The theme of unrequited love resonated with many. This included gay listeners at the time, so many of whom were used to pining for people to whom they could never reveal their feelings.
“I’m mad about the boy, I know it’s stupid to be mad about the boy, I’m so ashamed of it but must admit, the sleepless nights I’ve had about the boy.”
A cultivated image
Noel Coward was born in 1899. He became internationally known as a suave, debonair, British composer and songwriter. However, the aristocratic persona was something he worked hard to create. Coward actually came from humble beginnings, born to a piano salesman father and his wife in a suburban corner of London.
Coward showed a talent for performing when young, appearing in amateur productions from the age of seven and soon after enrolling in a dance academy. He first appeared in the West End at 12 years old.
At 20, he wrote and starred in his first West End play, the lighthearted comedy I’ll Leave It to You. Coward excelled at farce, which proved particularly popular at the time. A man of many talents, he could act, sing, write, and direct.
“Mad About The Boy” could have been just another camp, lighthearted revue song, but something about the unrequited feelings expressed by the singer, and its poignant chord progression, tugged at something deeper. Coward was gay. At the time, it was impossible to be out. However, his sexuality was an open secret in the theater world and something he did little to hide.
When Words and Music transferred to Broadway, Coward added verses for a male character.
“When I told my wife, she said ‘I’ve never heard such nonsense in my life!’”
However, the management of the theater considered the amended lyrics too risque and barred them from being used. It’s an example of how Coward was prepared to challenge audiences.
Coward was reportedly inspired to write “Mad About The Boy” by a real-life crush on a Hollywood star. Rumored suspects include Douglas Fairbanks Jr and Tyrone Power.
Dinah Washington
It became one of his best-known songs and has been covered countless times. Arguably its most defining version came from the legendary Dinah Washington.
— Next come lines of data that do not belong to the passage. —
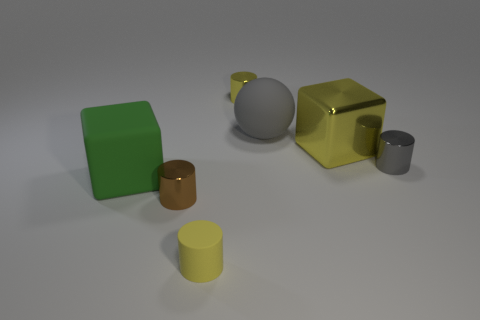Subtract all metal cylinders. How many cylinders are left? 1 Subtract all yellow cylinders. How many cylinders are left? 2 Add 1 gray rubber objects. How many objects exist? 8 Subtract all blue spheres. How many yellow cylinders are left? 2 Subtract all balls. How many objects are left? 6 Add 7 yellow cylinders. How many yellow cylinders are left? 9 Add 1 blocks. How many blocks exist? 3 Subtract 0 green cylinders. How many objects are left? 7 Subtract all yellow cylinders. Subtract all cyan balls. How many cylinders are left? 2 Subtract all tiny gray metallic cylinders. Subtract all big yellow matte spheres. How many objects are left? 6 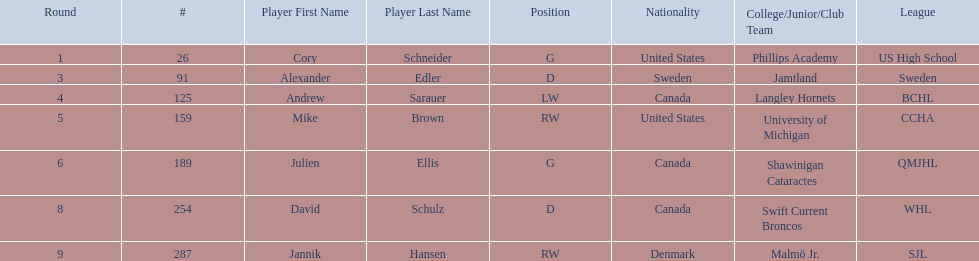Who are the players? Cory Schneider (G), Alexander Edler (D), Andrew Sarauer (LW), Mike Brown (RW), Julien Ellis (G), David Schulz (D), Jannik Hansen (RW). Of those, who is from denmark? Jannik Hansen (RW). 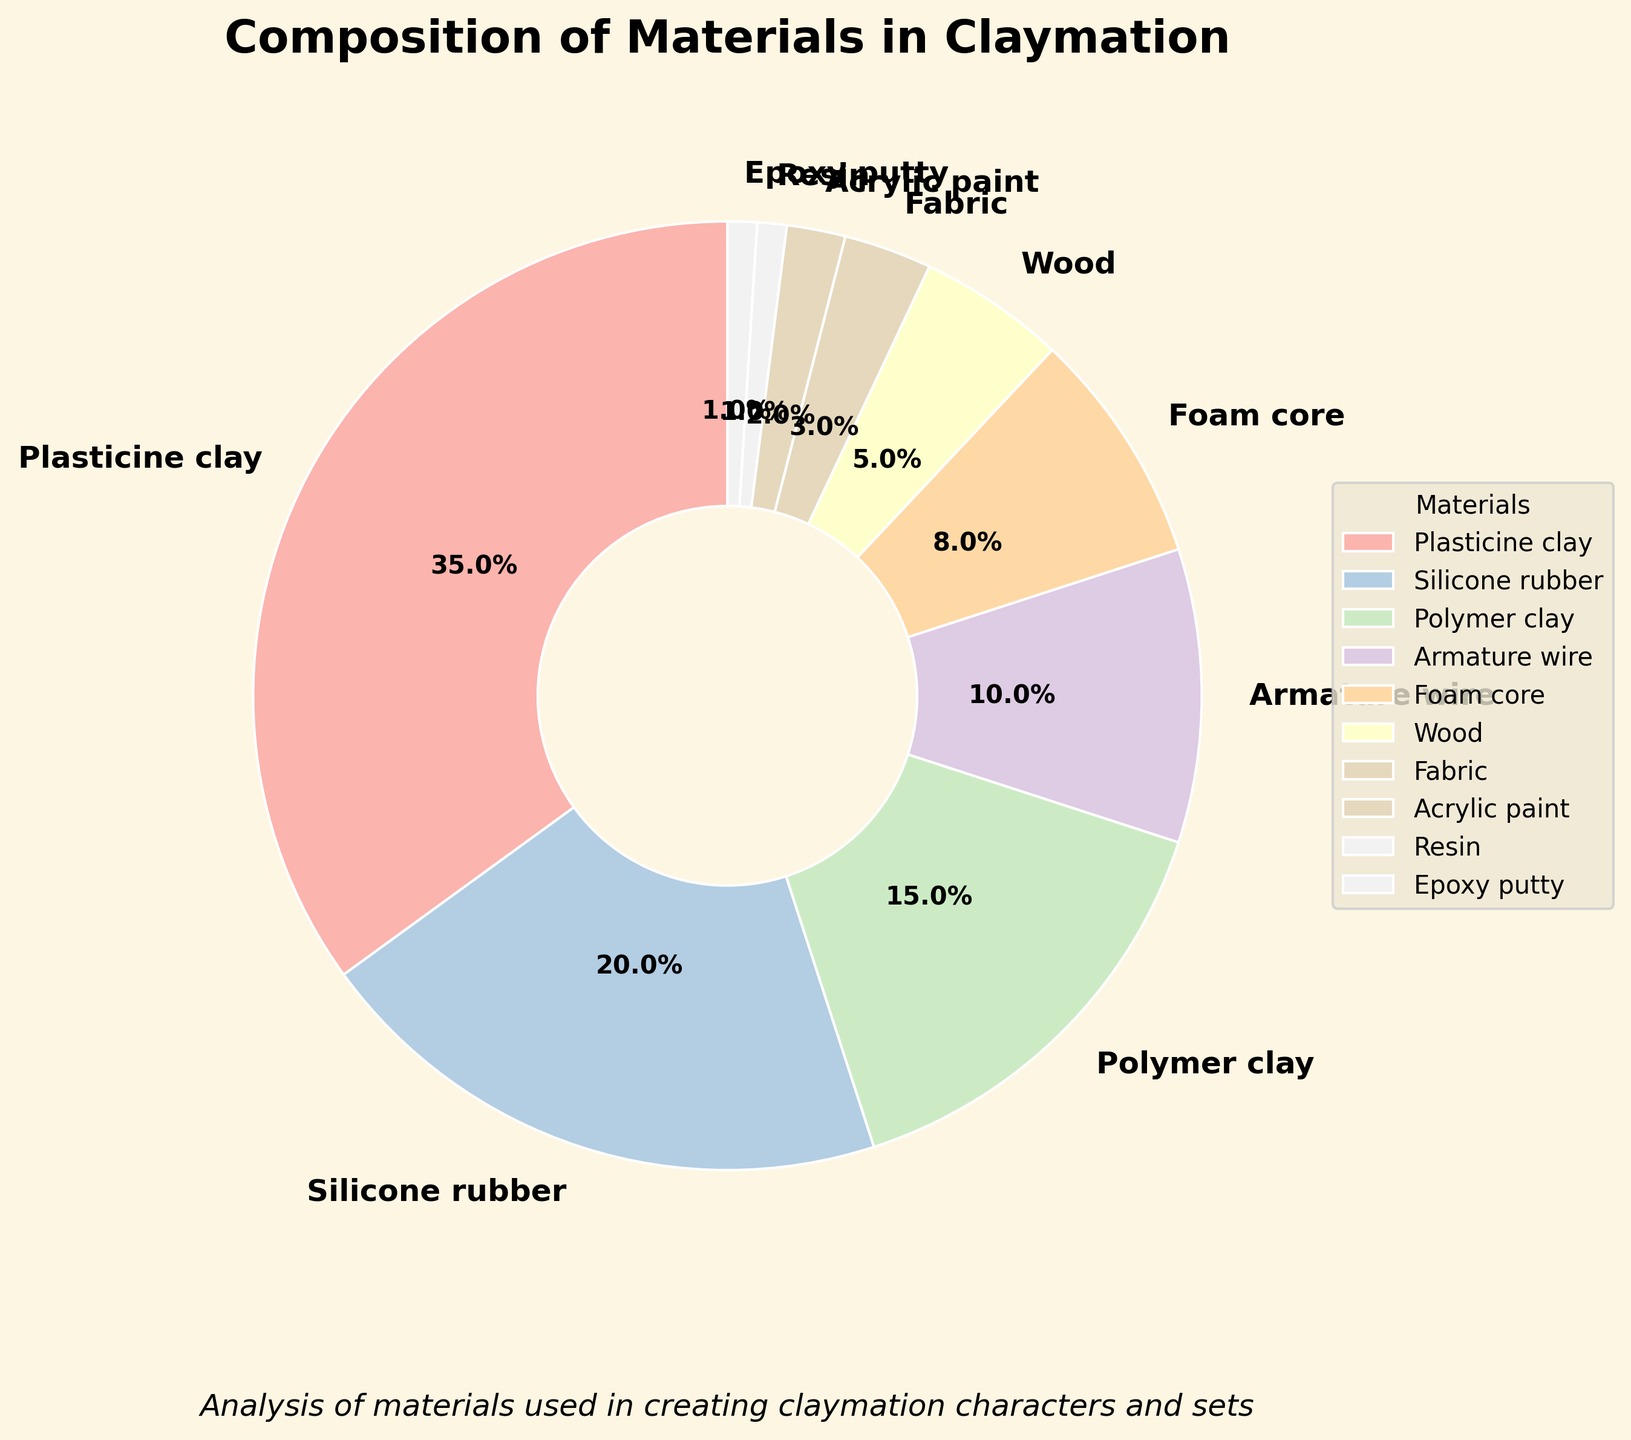Which material is used the most in creating claymation characters and sets? The pie chart shows different materials with their respective percentages. The largest segment corresponds to Plasticine clay with 35%.
Answer: Plasticine clay How much larger in percentage is Plasticine clay compared to Silicone rubber? From the pie chart, Plasticine clay is 35% and Silicone rubber is 20%. The difference is 35% - 20% which is 15%.
Answer: 15% What is the combined percentage of Polymer clay and Armature wire? According to the pie chart, Polymer clay accounts for 15% and Armature wire 10%. Adding these together gives 15% + 10% = 25%.
Answer: 25% Which material has the smallest percentage usage and what is it? By observing the pie chart, Resin and Epoxy putty both tie for the smallest segment at 1% each.
Answer: Resin and Epoxy putty Is the total percentage of Foam core and Fabric smaller or larger than Silicone rubber? Foam core has 8% and Fabric has 3%, making their combined percentage 8% + 3% = 11%. This is smaller than Silicone rubber's 20%.
Answer: Smaller Which material groupings, when summed, equal 50% of the total composition? From the chart, one combination is Plasticine clay (35%) + Polymer clay (15%) = 50%.
Answer: Plasticine clay and Polymer clay Among Silicone rubber, Wood, and Acrylic paint, which has the smallest contribution? The pie chart shows Silicone rubber at 20%, Wood at 5%, and Acrylic paint at 2%. Acrylic paint has the smallest contribution.
Answer: Acrylic paint How many materials have a percentage usage equal to or less than 5%? Observing the pie chart, Wood (5%), Fabric (3%), Acrylic paint (2%), Resin (1%), and Epoxy putty (1%) all fall into this category, totaling five materials.
Answer: 5 What is the average percentage usage for the top three materials? The top three materials by percentage are Plasticine clay (35%), Silicone rubber (20%), and Polymer clay (15%). Their average is (35% + 20% + 15%) / 3 ≈ 23.33%.
Answer: 23.33% How does the percentage usage of Armature wire compare to Foam core? According to the pie chart, Armature wire has 10% and Foam core has 8%, so Armature wire usage is 2% higher.
Answer: 2% higher

She recorded a soulful, orchestra-backed version in 1952, and then again in 1961, this time with Quincy Jones as producer. She recorded around 40 songs with Jones, which were released on two albums. Washington died in 1963, aged just 39.
Washington’s “Mad About The Boy” didn’t make a huge impression at the time it was recorded. However, in 1992, it was used as the soundtrack to a classic Levi’s commercial, “The Swimmer.” Washington’s haunting version was embraced by a generation who knew little of the song’s history.
Many other artists have released their own take on the track, often adding to its queer sensibility.
Here, amazingly, is Yul Bryner performing it in drag in the 1969 movie The Magic Christian.
Other versions have been recorded by camp disco icon Amanda Lear, Eartha Kitt, Jessica Biel, Marianne Faithfull, Miss Piggy (as “Mad About the Frog”) and Tom Robinson.
90 years after its debut, Adam Lambert recorded a version in 2022. He performed it on the BBC show Strictly Come Dancing (the UK’s version of Dancing With The Stars), as two male dancers twirled in front of him.
We like to think Coward (who died in 1973) would smile approvingly at his classic song receiving the kind of performance he could only dream of staging.
Learn more about Coward in the 2023 documentary Mad About The Boy.
Related:
Was this The Beatles’ track an ode to gay love inspired by John Lennon’s GBF?
Many queer listeners say this much-loved Beatles album track resonates with them.
“Twistin’ King” Jack Hammer’s long-forgotten 1966 ballad celebrating queer love
“When A Girl Loves A Girl” is a forgotten gem from the civil rights era.
monty clift
Yul Brynner in drag is something I didn’t think I’d ever see. He makes a good-looking broad.
inbama
“The Magic Christian” was 1969 – same year as Stonewall.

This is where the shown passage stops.